エントランスの窓は、新宿御苑に向けて大きく開かれ上質な空間を醸成。「取り込む、感じる、溶け込む」を設計コンセプトに、立地に相応しい仕上がりになっています。販売開始は、2016年5月。平均坪単価は570万円程度、最高価格は2億6900万円の設定にも関わらず販売開始からわずか3カ月程度で完売した要因は、立地ならではの商品企画が評価されてのものです。南青山、神宮前、西麻布など戸建ての高級住宅街も都心にはありますが、景色の面で勝る一戸建ては、早々出会えないでしょう。

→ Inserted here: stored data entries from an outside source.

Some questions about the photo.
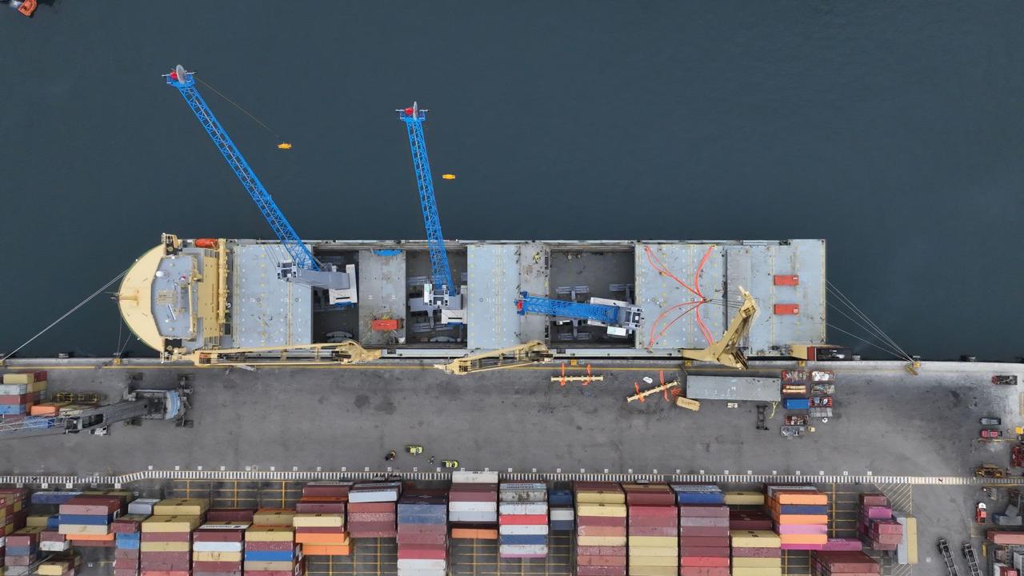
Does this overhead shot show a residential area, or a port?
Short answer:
port
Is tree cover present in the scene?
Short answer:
No
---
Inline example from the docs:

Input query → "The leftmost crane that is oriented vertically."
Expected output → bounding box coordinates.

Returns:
[395,100,465,332]
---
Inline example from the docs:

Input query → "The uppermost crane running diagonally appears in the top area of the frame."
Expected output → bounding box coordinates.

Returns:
[160,63,362,314]
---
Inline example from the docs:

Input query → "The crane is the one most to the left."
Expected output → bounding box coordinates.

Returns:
[0,373,194,446]
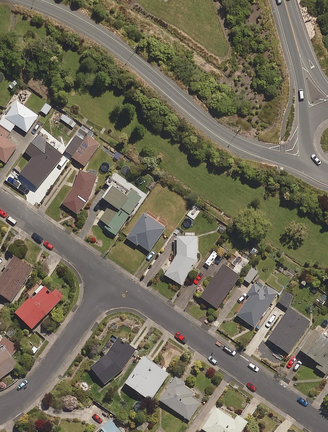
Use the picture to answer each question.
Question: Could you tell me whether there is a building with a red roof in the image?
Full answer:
Yes, the photo shows a building with a red roof.
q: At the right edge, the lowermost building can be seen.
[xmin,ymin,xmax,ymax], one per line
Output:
[300,329,328,376]
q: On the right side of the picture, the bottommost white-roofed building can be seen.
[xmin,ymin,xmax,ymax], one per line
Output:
[202,408,246,432]
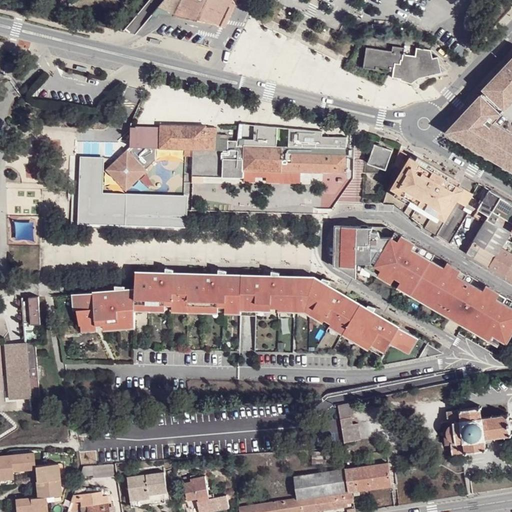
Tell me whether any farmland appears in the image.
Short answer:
No
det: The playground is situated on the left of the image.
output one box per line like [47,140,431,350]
[104,149,184,193]
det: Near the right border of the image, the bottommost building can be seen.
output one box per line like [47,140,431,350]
[445,408,512,455]
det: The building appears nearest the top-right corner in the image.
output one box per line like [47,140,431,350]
[482,61,512,112]
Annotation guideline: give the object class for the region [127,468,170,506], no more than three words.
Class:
house
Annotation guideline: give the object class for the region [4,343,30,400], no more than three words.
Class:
building
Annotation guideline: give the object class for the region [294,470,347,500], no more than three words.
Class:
barn
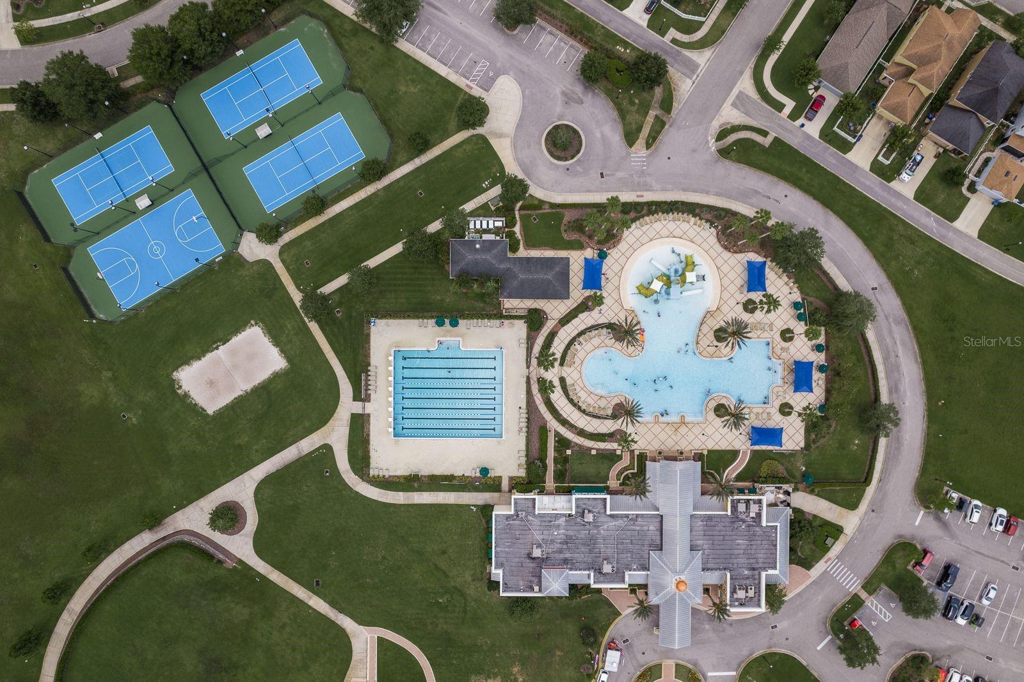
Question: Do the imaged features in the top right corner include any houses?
Yes
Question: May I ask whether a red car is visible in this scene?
Yes
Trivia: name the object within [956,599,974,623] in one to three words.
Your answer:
car
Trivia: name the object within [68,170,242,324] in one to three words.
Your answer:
basketball court
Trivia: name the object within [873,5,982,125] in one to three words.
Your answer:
house
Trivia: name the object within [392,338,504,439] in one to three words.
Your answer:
swimming pool
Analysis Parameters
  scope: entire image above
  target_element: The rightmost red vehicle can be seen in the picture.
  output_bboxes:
[1001,515,1018,537]
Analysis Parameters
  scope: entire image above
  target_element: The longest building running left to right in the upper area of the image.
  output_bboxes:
[450,239,572,299]
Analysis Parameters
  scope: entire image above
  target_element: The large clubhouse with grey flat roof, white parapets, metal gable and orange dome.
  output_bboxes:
[489,459,789,649]
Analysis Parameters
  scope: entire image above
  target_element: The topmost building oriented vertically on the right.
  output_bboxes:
[974,87,1024,201]
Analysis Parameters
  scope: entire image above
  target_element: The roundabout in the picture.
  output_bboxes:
[542,121,586,164]
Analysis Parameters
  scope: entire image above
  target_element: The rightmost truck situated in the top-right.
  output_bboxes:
[899,154,923,182]
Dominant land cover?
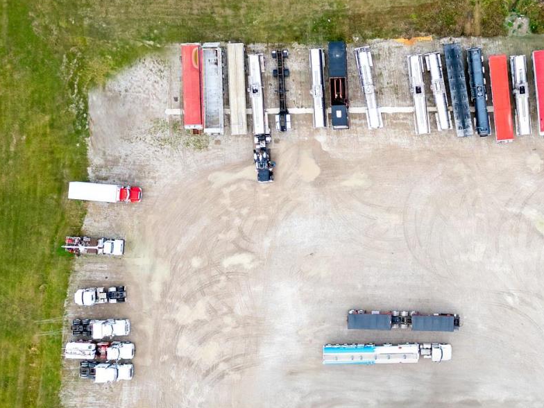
paved ground
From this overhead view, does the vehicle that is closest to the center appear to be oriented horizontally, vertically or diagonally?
vertically
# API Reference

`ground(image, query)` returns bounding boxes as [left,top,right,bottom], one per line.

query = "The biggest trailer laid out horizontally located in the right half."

[323,340,418,362]
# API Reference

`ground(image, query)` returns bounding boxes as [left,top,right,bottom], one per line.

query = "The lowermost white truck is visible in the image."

[80,359,135,383]
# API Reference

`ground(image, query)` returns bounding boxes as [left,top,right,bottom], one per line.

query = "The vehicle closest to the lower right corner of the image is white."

[415,341,452,362]

あらためてマンションと戸建てを比較すると、マンションには貸しやすい住替えやすいといったメリットがあり、戸建てには将来の建て替えや改築のしやすさといった利点があり一概にどちらが優れているとは言い切れません。「したい暮らし」が何かによって、選択も変わってくるのではないでしょうか。また、価格トレンドは仕入れから供給のサイクルの早い戸建ての方が変化が出やすいもの。そう考えると、マンション価格も2018年は多少弱含むのかもしれません。一戸建てとマンションを並行して検討するのも良いとは思いますが、暮らしそのものに違いがあることは把握しておきましょう。